Task description:
Exact copies of the line with "2) outline: M" and of all lines after it through the end of the entries are required, and no other lines.

[Stored dataset items]
· · · · ·

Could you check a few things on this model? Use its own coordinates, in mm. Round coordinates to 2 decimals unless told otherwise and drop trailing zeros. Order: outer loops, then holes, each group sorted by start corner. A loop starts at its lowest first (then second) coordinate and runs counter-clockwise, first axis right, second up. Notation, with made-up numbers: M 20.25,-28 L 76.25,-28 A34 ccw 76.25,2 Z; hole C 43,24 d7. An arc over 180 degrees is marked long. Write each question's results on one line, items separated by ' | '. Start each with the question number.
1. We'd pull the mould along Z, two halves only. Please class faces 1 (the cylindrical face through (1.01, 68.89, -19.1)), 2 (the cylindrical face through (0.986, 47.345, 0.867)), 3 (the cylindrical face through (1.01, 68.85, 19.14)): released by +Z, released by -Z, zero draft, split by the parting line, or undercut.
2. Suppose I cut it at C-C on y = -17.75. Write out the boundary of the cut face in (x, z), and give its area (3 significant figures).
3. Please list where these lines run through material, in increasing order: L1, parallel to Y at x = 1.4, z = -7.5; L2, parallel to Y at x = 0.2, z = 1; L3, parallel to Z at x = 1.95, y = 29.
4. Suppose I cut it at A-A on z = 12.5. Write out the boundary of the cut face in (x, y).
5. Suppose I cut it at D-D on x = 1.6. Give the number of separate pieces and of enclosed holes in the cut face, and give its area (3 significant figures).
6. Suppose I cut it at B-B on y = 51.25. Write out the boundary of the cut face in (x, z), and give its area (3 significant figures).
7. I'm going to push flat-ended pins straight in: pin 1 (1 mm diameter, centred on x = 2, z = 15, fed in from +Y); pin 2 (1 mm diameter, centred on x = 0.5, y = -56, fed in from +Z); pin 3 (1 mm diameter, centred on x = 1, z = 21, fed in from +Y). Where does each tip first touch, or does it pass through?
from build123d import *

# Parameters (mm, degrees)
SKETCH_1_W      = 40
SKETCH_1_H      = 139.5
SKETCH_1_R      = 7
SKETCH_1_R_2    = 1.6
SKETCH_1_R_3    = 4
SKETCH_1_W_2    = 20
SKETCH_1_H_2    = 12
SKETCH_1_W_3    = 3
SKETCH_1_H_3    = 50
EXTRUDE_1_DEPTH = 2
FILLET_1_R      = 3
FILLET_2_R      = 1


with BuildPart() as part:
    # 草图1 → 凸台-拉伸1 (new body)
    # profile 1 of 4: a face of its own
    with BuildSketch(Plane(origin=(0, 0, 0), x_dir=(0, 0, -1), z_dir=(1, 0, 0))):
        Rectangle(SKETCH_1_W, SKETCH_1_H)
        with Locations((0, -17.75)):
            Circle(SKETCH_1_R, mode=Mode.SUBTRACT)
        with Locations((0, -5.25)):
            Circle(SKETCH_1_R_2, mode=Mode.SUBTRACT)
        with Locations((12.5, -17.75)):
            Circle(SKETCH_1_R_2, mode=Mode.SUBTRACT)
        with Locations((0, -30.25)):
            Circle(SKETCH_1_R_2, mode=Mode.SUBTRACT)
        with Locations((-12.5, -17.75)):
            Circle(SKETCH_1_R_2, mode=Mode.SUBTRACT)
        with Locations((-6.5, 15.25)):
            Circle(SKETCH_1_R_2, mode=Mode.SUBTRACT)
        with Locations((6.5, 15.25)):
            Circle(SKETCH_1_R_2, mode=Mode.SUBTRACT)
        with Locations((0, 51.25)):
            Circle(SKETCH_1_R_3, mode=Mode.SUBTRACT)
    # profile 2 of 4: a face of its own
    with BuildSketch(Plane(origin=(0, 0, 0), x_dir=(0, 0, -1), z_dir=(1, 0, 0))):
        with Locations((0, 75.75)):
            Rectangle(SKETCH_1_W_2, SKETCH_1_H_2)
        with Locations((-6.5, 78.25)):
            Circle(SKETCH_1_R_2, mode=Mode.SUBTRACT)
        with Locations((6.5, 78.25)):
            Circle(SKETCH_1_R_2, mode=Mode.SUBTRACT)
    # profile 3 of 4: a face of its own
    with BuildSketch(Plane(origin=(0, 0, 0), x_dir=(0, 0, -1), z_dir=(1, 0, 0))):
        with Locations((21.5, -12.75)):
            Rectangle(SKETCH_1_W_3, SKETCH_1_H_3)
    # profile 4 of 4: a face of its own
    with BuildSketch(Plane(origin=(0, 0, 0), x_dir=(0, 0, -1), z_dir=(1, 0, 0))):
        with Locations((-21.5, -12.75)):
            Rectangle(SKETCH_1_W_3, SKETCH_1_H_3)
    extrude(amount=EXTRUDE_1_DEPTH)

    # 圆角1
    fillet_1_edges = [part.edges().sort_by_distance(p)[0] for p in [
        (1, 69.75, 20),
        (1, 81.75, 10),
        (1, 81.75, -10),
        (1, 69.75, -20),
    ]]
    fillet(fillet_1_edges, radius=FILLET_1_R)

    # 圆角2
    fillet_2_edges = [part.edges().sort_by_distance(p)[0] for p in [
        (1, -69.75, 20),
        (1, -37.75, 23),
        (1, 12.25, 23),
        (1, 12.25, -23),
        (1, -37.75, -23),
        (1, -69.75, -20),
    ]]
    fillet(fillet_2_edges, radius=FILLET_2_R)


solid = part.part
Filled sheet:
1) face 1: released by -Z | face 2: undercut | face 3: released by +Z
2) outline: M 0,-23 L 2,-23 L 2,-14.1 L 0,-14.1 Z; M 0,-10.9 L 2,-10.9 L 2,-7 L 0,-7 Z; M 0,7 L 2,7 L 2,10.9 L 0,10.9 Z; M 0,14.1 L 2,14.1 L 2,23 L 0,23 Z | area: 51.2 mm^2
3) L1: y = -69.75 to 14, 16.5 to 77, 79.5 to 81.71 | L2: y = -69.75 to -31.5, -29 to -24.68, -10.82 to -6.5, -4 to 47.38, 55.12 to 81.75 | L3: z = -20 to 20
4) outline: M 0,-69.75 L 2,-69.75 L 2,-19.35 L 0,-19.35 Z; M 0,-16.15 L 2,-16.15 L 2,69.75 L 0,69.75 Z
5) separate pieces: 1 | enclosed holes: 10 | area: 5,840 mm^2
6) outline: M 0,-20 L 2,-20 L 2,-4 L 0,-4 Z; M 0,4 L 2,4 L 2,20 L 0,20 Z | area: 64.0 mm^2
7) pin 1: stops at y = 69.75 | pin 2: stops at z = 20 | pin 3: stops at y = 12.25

· · · · ·

Reply:
2) outline: M 0,-23 L 2,-23 L 2,-14.1 L 0,-14.1 Z; M 0,-10.9 L 2,-10.9 L 2,-7 L 0,-7 Z; M 0,7 L 2,7 L 2,10.9 L 0,10.9 Z; M 0,14.1 L 2,14.1 L 2,23 L 0,23 Z | area: 51.2 mm^2
3) L1: y = -69.75 to 14, 16.5 to 77, 79.5 to 81.71 | L2: y = -69.75 to -31.5, -29 to -24.68, -10.82 to -6.5, -4 to 47.38, 55.12 to 81.75 | L3: z = -20 to 20
4) outline: M 0,-69.75 L 2,-69.75 L 2,-19.35 L 0,-19.35 Z; M 0,-16.15 L 2,-16.15 L 2,69.75 L 0,69.75 Z
5) separate pieces: 1 | enclosed holes: 10 | area: 5,840 mm^2
6) outline: M 0,-20 L 2,-20 L 2,-4 L 0,-4 Z; M 0,4 L 2,4 L 2,20 L 0,20 Z | area: 64.0 mm^2
7) pin 1: stops at y = 69.75 | pin 2: stops at z = 20 | pin 3: stops at y = 12.25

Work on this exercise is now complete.